Acho que deviam ir pensando em vir cá. Quem, como você, viu esta sociedade, precisa
de a ver agora parece a fixar através da sua escrita.Eu , sobre alguns aspectos,tive nestes
dois anos grandes aborrecimentos mas não os trocava por nenhum outros de minha vida.
Covilhã, 3 de Agosto de 1969
Meu querido Odylo,
Acho que você está criando um grande problema aos eruditos que tratarem da
publicação de. nossa correspondência póstuma.Eles terão que intitular "Cartas de
António Alçada Baptista a Odylo Costa,filho não respondidas pelo mesmo". Ora isto
não é titulo que se deseje nem é bonito passar assim à história da literatura.
5. António Alçada Baptista
Nascido na Covilhã, estudou num colégio de Jesuítas em Santo Tirso. Licenciado em Direito,
dirigiu a revista O Tempo e o Modo (de 1963 até 1969) e foi presidente do Instituto Português
do Livro. Traduziu Jorge Luis Borges e Jacques Maritain, tendo colaborado em vários
periódicos (A Capital e O Semanário, por exemplo) com uma publicação regular de crónicas,
algumas das quais já reunidas em obras como O Tempo nas Palavras.
Oficial da Ordem de Santiago, recebeu, das mãos de Ramalho Eanes, a Ordem Militar de Cristo,
em 1983, e a Grã-Cruz da Ordem do Infante entregue por Mário Soares, em 1995.
A sua obra literária, repartida entre a ficção e o ensaio de memórias pessoais e coletivas (com
destaque para os dois volumes de Peregrinação Interior), funda-se num princípio unificador: o
da busca de uma unidade interior que seja a razão para que, na sociedade contemporânea
portuguesa, "certas coisas aconteçam sem que eu saiba como nem porquê e sem me darem em
troca nada de melhor" (cf. Peregrinação Interior I, p. 23). Entre a ficção e o ensaio, a escrita de
António Alçada Batista perturba pela capacidade de "perder um certo pudor" (ibi., p. 24), de
perder o espartilho vitoriano que corrige a libertação interior, que abafa as vozes dos afetos, e de
exprimir a reflexão cultural, filosófica, religiosa e social "com as gastas e cansadas palavras que
dão a cobertura habitual à banalidade imensa que é o bocado de existência que vai passando
pela nossa janela", despidas da "plumagem académica, dos lugares-comuns que são a medida
comum do intercâmbio dos homens" (ibi., p. 27).

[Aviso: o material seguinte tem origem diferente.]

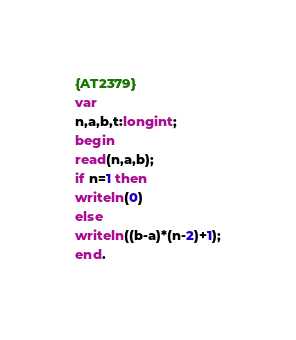<code> <loc_0><loc_0><loc_500><loc_500><_Pascal_>{AT2379}
var
n,a,b,t:longint;
begin
read(n,a,b);
if n=1 then
writeln(0)
else
writeln((b-a)*(n-2)+1);
end.</code>

Odylo Costa Filho (São Luís MA, 1914 - Rio de Janeiro RJ, 1979) formou-se bacharel pela
Faculdade de Direito em 1933, no Rio de Janeiro. Entre 1931 e 1965 foi fundador do seminário
Política e Letras, diretor dos jornais Tribuna de Imprensa, A Noite e Jornal do Brasil, das
revistas Senhor e O Cruzeiro, além de secretário da revista O Cruzeiro Internacional, repórter do
Jornal do Comércio e crítico literário do jornal Diário de Notícias, no qual criou a seção
Encontro Matinal. Em 1934 ocorreu a publicação de seu livro Graça Aranha e Outros Ensaios,
com o qual ganhou o Prêmio Ramos da Paz, concedido pela Academia Brasileira de Letras.
Entre 1954 e 1955 foi secretário de Imprensa da Presidência da República e superintendente das
empresas incorporadas ao patrimônio da União no governo de Café Filho. No final dos anos de
1960 foi adido cultural na embaixada brasileira de Lisboa (Portugal), diretor da revista
Realidade e redator na Editora Abril. Foi eleito membro da Academia Brasileira de Letras em
1969. Sua obra poética inclui os livros Alvoradas... (1929), Tempo de Lisboa e Outros Poemas
(1966), Cantiga Incompleta (1971), Os Bichos no Céu (1972), Notícias de Amor (1977), A Vida
de Nossa Senhora (1977) e Boca da Noite (1979). Odylo Costa Filho é poeta da terceira geração
do Modernismo; conviveu com Carlos Drummond de Andrade e Manuel Bandeira, segundo o
qual a poesia de Odylo tem “música de timbre próprio, de inefável doçura, sem melaço.”